The recent jump in spam attacks from ISP customers worldwide has spiked again, so we decided to do a little more digging. Much of the ‘ransomware’ spam has been sent in this manner, and while most email servers should be configured to reject any email attempts from these type of connections, it is still a large burden on the internet, and there MUST be email servers allowing it still, otherwise they would give up.
However, these spam attacks are just part of the risks, as those compromised locations could be used for much more serious and damaging attacks, like the recent attacks which brought down a serious part of the internet last week.
In this case, we decided to follow-up using attempts from one of the ISP’s that work with, but we will keep their name out of it to protect the innocent? so to say.. Frankly, this is a world wide problems, and there are a lot larger ISP’s with the same problem.
So, we took one of the IP(s) that was used in spam attacks, and took a look at it.
A quick ‘nmap’ revealed that Port 80 was open at that IP, so we took out our handy browser to see what was on that IP Address, and low and behold a Netgear Login page showed up.
For those of you that don’t know it, Netgear is a VERY common router/wifi maker, that is sold and used worldwide, and ISP customers can buy them at most large retailers. It is used to allow the whole household (and every IoT device there) to access the internet.
However, the problem is that it is shipped ‘so easy to use’ that most people just plug it in, and it works.. without ever changing a setting. Only thing is, that by default it is open to the public, and is configured with a default password that the whole world knows.
Some ISP’s even provide these devices, ‘as a managed service’ so they can easily help the customers and test connectivity. But the default password is the dangerous part. (Of course, ISP’s should consider blocking inbound traffic on risky ports, to dynamic IP Addresses).

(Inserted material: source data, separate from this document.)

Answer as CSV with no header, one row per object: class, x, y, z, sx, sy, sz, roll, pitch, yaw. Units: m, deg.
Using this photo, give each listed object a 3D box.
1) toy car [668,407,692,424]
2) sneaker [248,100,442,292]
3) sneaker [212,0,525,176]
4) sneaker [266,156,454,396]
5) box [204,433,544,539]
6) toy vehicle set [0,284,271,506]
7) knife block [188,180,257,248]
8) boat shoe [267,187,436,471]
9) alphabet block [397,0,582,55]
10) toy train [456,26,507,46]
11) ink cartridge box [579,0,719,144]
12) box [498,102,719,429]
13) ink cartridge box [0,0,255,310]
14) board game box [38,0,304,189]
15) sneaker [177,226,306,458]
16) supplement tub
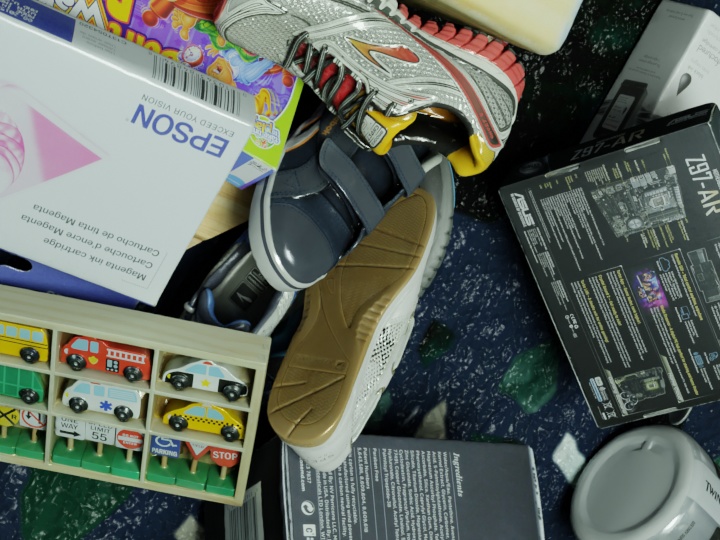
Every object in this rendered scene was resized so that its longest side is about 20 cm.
toy car,0.307,0.038,1.224,0.158,0.164,0.200,43,104,-1
sneaker,-0.002,-0.071,1.030,0.079,0.079,0.201,53,43,-28
sneaker,0.005,-0.120,0.968,0.198,0.078,0.083,20,63,-11
sneaker,0.000,0.000,1.115,0.081,0.073,0.202,23,93,-24
box,0.008,0.184,1.117,0.198,0.148,0.106,6,66,-25
toy vehicle set,-0.161,0.079,1.016,0.197,0.027,0.125,11,127,-1
knife block,-0.152,-0.093,1.019,0.198,0.064,0.177,-26,116,-16
boat shoe,-0.001,0.037,1.052,0.201,0.070,0.070,-64,151,-25
alphabet block,0.034,-0.267,0.962,0.199,0.196,0.197,21,95,-39
toy train,0.094,-0.182,1.128,0.046,0.034,0.201,36,88,-42
ink cartridge box,0.230,-0.083,1.201,0.115,0.067,0.202,28,93,-29
box,0.207,0.001,1.133,0.159,0.044,0.202,-17,108,27
ink cartridge box,-0.189,-0.054,0.940,0.194,0.044,0.201,21,120,-20
board game box,-0.123,-0.158,0.982,0.199,0.045,0.136,29,62,-26
sneaker,-0.096,0.043,1.059,0.077,0.085,0.201,31,94,8
supplement tub,0.266,0.225,1.282,0.123,0.122,0.200,-48,119,-4
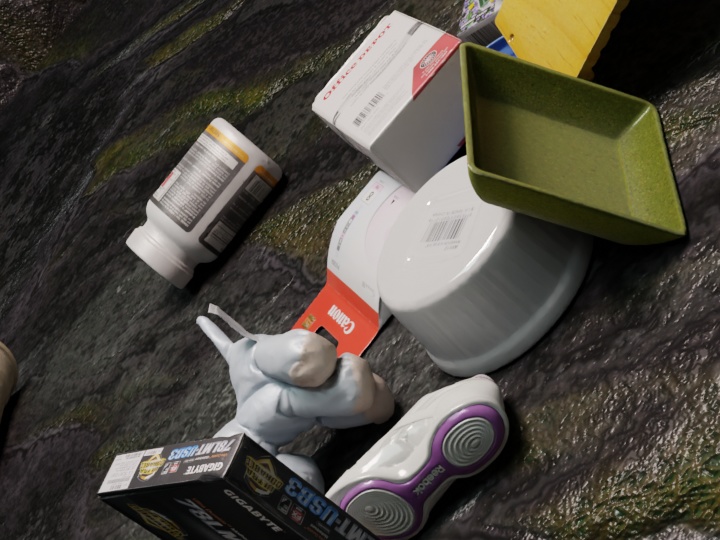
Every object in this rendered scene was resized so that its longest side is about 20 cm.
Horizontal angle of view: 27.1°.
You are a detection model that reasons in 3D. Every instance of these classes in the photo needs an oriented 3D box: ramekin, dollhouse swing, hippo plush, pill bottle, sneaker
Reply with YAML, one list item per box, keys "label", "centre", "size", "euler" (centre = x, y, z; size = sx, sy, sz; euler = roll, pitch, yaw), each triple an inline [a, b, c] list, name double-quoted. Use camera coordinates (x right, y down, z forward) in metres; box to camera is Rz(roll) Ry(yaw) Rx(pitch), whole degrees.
- label: "ramekin"
  centre: [0.106, -0.014, 1.363]
  size: [0.200, 0.098, 0.202]
  euler: [-36, 30, 25]
- label: "dollhouse swing"
  centre: [0.255, -0.285, 1.436]
  size: [0.183, 0.174, 0.201]
  euler: [62, 142, 35]
- label: "hippo plush"
  centre: [-0.079, 0.143, 1.374]
  size: [0.162, 0.198, 0.159]
  euler: [-67, 9, -15]
- label: "pill bottle"
  centre: [-0.200, -0.084, 1.899]
  size: [0.201, 0.116, 0.116]
  euler: [-50, 27, 0]
- label: "sneaker"
  centre: [0.049, 0.164, 1.282]
  size: [0.199, 0.075, 0.100]
  euler: [-37, 15, 18]

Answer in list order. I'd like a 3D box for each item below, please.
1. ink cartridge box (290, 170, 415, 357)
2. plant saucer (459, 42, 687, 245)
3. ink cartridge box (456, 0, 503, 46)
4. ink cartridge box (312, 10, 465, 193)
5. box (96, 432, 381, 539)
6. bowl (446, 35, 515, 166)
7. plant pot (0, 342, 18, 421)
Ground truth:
- label: "ink cartridge box"
  centre: [0.000, 0.000, 1.565]
  size: [0.200, 0.057, 0.162]
  euler: [-47, 27, -2]
- label: "plant saucer"
  centre: [0.172, -0.101, 1.301]
  size: [0.201, 0.197, 0.048]
  euler: [-88, 19, -50]
- label: "ink cartridge box"
  centre: [0.178, -0.342, 1.711]
  size: [0.108, 0.050, 0.202]
  euler: [-26, 37, 39]
- label: "ink cartridge box"
  centre: [0.048, -0.182, 1.590]
  size: [0.147, 0.083, 0.200]
  euler: [-49, 26, 1]
- label: "box"
  centre: [-0.095, 0.217, 1.274]
  size: [0.197, 0.200, 0.050]
  euler: [-12, 45, 49]
- label: "bowl"
  centre: [0.143, -0.165, 1.558]
  size: [0.200, 0.039, 0.202]
  euler: [-37, 30, 25]
- label: "plant pot"
  centre: [-0.573, 0.210, 2.056]
  size: [0.200, 0.200, 0.185]
  euler: [-36, 42, 25]
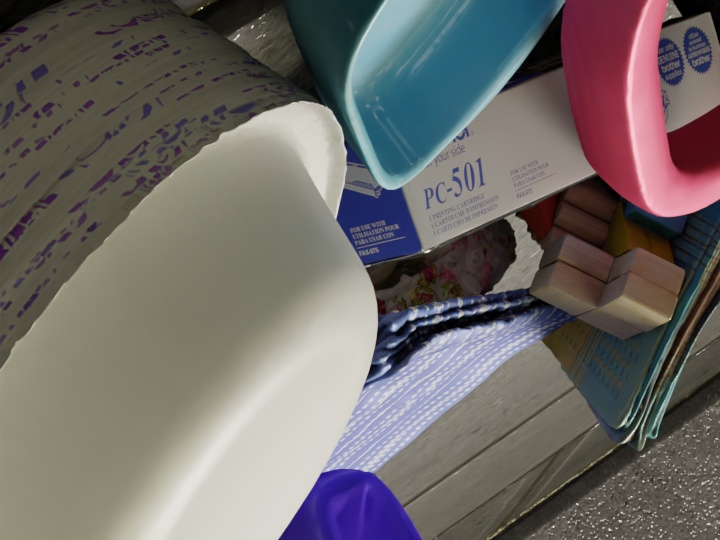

So, a 5 second ‘google’ search gave us the default password. (Nice that Netgear also gives you the version number when you hit the login page).
And of course, guess what.. it worked. What the ordinary person MIGHT NOT KNOW, is that if someone logs into their router, they can do ANYTHING. (Including sniffing all the traffic, stealing passwords, banking information, personal information) They can even TAKE OVER THE device, including loading their own software, operating system, trojans, botnets and more.
Once logged in, we wanted to be polite, so we didn’t change anything (wish the hackers did, they left the admin password open for the next person as well) But we did quickly look at the Advanced tab, and the logs. Looks like someone from the Ukraine and someone from Russia (or at least from machines in those countries) has already beat us to it.
While we could have fully investigated what those previous ‘visitors’ did to the NetGear itself, this didn’t seem right to do without permission. After all, it is someone else’s property. And besides, it doesn’t matter. Once they are in the NetGear, they could choose to attack a lot more vulnerable targets inside the house, eg cameras, TV’s, thermostats, that would be harder to detect as their ‘hiding place’.
A quick check of the rest of this ISP’s network, showed that this wasn’t an isolated case, with literally hundreds of vulnerable locations.
But it pails in comparison to some ISP’s with literally thousands of those ‘soft targets’. It isn’t a matter of if there will be another big attack on the internet, it is simply a matter of ‘when’.
So, maybe this will make you think twice before using your friends home wifi network as well.
Recommendations? Manufacturers need to step up, I would hate to wait until they are legislated to do so. No device should be able to connect to the internet with a default admin password open to the world. And ISP’s have to take more responsibility on locking their own networks down, as you can’t expect your customers to do this. Remember, the next target could be you.